--- Task description ---
From the line containing "<chart> <loc_0><loc_0><loc_500><loc_500><pie_chart><fcel>ANO 1" through the last line below, copy every line exactly, leaving out the pictures.

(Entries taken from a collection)

######

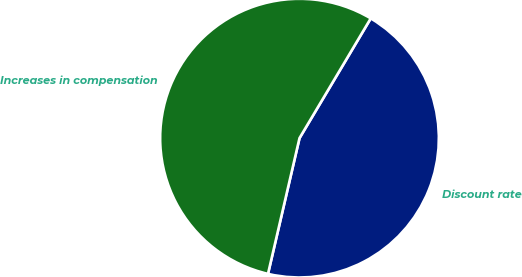<chart> <loc_0><loc_0><loc_500><loc_500><pie_chart><fcel>Discount rate<fcel>Increases in compensation<nl><fcel>45.09%<fcel>54.91%<nl></chart> 
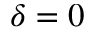Convert formula to latex. <formula><loc_0><loc_0><loc_500><loc_500>\delta = 0</formula> 
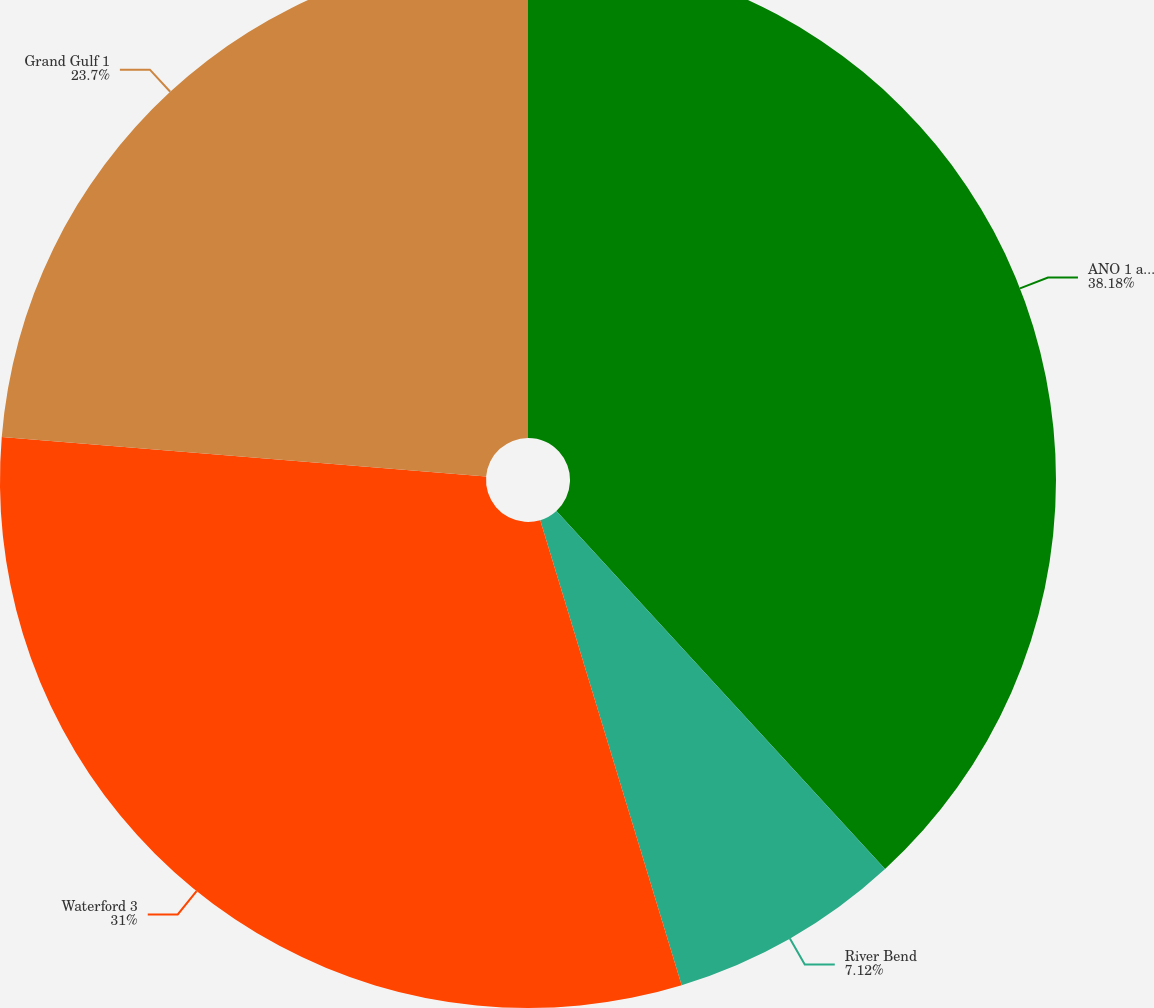<chart> <loc_0><loc_0><loc_500><loc_500><pie_chart><fcel>ANO 1 and ANO 2<fcel>River Bend<fcel>Waterford 3<fcel>Grand Gulf 1<nl><fcel>38.18%<fcel>7.12%<fcel>31.0%<fcel>23.7%<nl></chart> 
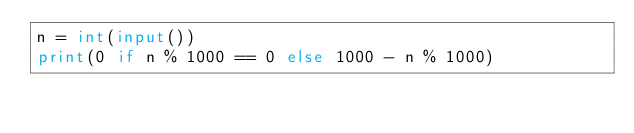<code> <loc_0><loc_0><loc_500><loc_500><_Python_>n = int(input())
print(0 if n % 1000 == 0 else 1000 - n % 1000)</code>

######

--- Response to the task ---
<chart> <loc_0><loc_0><loc_500><loc_500><pie_chart><fcel>ANO 1 and ANO 2<fcel>River Bend<fcel>Waterford 3<fcel>Grand Gulf 1<nl><fcel>38.18%<fcel>7.12%<fcel>31.0%<fcel>23.7%<nl></chart> 
<code> <loc_0><loc_0><loc_500><loc_500><_Python_>n = int(input())
print(0 if n % 1000 == 0 else 1000 - n % 1000)</code>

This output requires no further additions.